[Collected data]

*** Begin section ***

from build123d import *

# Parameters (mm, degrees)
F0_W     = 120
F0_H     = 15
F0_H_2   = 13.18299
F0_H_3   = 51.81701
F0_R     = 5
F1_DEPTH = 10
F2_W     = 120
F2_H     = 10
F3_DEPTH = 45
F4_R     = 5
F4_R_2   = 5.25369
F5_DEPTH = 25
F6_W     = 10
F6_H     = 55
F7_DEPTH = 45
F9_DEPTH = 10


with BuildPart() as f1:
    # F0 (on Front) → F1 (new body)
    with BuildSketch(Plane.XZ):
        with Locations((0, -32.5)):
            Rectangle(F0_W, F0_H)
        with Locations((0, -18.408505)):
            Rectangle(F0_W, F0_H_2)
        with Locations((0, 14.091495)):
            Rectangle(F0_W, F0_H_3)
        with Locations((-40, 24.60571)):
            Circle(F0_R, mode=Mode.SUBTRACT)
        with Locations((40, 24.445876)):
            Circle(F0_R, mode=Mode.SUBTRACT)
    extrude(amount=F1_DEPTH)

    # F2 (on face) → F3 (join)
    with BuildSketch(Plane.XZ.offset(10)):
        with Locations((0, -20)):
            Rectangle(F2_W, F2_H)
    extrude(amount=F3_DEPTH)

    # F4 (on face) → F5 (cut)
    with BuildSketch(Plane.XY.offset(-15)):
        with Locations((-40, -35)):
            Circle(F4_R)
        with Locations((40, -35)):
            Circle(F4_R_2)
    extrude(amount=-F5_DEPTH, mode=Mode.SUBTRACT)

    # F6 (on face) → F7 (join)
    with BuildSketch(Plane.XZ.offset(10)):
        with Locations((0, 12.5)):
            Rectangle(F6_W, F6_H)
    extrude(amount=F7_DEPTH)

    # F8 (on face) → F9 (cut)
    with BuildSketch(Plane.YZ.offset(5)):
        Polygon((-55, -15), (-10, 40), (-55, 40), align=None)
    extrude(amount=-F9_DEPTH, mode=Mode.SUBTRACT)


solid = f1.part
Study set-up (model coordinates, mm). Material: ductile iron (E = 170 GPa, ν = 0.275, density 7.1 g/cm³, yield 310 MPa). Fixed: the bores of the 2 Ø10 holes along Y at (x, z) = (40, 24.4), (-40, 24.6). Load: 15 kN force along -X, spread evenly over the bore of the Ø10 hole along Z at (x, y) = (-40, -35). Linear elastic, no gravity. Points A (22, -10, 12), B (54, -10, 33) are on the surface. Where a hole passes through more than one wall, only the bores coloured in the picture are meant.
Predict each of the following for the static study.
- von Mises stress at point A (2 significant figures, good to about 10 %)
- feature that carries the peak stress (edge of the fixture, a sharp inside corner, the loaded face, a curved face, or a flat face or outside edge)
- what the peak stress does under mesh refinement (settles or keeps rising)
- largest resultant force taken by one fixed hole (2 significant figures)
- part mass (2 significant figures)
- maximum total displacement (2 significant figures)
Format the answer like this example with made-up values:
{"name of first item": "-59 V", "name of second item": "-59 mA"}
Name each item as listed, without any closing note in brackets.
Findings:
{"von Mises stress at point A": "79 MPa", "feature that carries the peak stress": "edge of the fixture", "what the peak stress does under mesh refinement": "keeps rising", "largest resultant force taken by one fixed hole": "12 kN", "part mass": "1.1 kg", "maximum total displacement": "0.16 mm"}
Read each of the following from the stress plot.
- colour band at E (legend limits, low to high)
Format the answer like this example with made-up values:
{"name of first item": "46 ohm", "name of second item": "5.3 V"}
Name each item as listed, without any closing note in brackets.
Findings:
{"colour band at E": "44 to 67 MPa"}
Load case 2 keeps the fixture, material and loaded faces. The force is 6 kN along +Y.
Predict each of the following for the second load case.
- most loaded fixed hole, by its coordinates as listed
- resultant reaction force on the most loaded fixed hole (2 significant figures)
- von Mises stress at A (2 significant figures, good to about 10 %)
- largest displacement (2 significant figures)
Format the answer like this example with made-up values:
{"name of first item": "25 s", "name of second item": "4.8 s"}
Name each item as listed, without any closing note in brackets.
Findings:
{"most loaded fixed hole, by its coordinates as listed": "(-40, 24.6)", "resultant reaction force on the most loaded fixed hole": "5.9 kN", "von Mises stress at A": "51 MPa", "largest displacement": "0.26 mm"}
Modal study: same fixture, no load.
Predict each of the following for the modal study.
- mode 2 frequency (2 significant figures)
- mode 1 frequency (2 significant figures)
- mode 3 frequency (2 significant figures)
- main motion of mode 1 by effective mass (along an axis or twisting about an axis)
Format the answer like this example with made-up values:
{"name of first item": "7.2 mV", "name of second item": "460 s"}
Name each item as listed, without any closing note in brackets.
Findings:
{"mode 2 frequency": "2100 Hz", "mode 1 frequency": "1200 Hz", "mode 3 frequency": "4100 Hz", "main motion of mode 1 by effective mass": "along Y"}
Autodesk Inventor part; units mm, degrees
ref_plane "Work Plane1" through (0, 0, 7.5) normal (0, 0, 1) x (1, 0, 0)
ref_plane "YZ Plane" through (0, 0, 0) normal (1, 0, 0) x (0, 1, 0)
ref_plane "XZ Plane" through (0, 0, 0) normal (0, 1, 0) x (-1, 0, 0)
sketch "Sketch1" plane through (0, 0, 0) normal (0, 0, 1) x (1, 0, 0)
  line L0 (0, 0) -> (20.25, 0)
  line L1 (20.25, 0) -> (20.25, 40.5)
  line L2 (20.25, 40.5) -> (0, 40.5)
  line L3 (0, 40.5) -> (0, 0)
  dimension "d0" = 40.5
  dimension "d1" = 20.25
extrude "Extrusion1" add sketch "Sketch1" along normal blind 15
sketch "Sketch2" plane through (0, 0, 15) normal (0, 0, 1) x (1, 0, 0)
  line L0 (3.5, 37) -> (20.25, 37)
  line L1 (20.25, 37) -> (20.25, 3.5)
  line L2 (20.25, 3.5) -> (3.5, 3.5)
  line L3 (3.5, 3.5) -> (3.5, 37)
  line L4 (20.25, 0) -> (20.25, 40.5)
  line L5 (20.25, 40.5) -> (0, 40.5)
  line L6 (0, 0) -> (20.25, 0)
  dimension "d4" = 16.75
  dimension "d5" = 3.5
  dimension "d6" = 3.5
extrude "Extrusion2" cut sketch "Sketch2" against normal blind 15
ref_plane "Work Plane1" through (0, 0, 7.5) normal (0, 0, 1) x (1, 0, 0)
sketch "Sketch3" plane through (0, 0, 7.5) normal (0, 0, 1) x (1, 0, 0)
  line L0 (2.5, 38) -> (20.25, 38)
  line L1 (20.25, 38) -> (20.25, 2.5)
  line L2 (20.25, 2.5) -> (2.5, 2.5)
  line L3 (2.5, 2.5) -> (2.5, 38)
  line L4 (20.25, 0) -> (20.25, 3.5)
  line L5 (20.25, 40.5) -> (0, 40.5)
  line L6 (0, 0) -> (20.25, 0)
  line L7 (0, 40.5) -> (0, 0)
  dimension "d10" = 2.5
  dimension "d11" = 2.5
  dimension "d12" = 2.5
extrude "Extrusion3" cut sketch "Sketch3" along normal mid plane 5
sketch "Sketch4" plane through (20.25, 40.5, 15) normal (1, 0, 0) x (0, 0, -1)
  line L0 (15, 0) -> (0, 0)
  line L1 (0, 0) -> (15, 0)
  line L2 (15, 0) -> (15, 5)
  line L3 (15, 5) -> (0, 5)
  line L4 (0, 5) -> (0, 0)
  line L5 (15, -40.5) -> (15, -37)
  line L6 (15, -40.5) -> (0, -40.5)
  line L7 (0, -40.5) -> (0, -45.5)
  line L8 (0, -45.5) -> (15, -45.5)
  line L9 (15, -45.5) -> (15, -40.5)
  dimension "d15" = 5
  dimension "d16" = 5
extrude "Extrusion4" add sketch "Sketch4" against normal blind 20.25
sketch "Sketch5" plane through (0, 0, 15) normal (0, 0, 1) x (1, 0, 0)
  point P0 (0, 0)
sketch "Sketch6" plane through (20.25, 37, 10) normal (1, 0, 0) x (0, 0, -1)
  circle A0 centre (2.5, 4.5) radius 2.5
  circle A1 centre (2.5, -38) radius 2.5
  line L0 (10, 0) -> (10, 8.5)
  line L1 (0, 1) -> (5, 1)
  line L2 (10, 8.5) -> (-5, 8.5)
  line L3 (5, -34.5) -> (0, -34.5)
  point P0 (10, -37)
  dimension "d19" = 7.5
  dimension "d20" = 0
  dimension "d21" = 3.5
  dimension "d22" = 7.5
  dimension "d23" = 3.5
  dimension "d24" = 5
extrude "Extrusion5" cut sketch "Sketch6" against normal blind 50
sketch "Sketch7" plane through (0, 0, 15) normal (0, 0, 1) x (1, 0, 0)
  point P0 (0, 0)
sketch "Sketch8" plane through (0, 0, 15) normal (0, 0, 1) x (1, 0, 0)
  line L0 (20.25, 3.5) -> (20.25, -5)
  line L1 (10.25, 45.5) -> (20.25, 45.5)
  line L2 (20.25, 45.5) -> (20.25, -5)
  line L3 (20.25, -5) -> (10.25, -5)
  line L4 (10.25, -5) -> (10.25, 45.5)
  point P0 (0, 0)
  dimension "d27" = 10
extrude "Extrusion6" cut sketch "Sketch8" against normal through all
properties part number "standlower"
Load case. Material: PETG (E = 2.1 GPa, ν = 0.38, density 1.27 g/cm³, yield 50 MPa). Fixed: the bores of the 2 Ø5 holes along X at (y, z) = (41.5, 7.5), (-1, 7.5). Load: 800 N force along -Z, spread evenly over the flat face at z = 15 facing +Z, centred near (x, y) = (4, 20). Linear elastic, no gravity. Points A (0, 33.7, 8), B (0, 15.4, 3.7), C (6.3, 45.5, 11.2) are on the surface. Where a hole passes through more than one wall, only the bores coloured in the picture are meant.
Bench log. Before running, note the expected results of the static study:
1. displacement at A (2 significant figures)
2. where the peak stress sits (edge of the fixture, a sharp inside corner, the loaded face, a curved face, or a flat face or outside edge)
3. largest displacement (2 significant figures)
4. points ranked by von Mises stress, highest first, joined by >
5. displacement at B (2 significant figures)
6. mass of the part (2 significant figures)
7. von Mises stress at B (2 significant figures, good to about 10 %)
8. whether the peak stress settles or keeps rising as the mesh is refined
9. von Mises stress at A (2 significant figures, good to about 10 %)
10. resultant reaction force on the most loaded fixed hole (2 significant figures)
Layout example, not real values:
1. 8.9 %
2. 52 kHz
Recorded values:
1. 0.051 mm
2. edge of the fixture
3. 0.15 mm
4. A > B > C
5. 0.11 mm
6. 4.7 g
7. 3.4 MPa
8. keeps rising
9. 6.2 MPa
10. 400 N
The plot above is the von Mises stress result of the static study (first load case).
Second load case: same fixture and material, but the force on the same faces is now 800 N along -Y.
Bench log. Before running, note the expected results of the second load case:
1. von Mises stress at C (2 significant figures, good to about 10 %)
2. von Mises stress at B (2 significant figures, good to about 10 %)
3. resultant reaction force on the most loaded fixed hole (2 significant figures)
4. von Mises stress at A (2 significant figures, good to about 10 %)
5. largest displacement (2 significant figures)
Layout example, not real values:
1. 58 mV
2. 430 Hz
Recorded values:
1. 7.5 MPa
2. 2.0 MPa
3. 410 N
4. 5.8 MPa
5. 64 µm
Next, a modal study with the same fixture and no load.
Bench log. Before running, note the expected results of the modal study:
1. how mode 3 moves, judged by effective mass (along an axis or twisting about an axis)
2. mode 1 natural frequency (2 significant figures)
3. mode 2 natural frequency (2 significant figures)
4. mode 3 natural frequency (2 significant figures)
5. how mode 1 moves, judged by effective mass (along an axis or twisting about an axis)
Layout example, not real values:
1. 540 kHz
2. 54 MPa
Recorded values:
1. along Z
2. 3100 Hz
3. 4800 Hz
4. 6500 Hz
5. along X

*** End section ***

— YOUR TASK —
What you give back must be the stretch above, starting at the line with "line L3 (5, -34.5) -> (0, -34.5)" and ending at the line with "normal blind 50", copied exactly.

— SOLUTION TO THIS EXERCISE —
  line L3 (5, -34.5) -> (0, -34.5)
  point P0 (10, -37)
  dimension "d19" = 7.5
  dimension "d20" = 0
  dimension "d21" = 3.5
  dimension "d22" = 7.5
  dimension "d23" = 3.5
  dimension "d24" = 5
extrude "Extrusion5" cut sketch "Sketch6" against normal blind 50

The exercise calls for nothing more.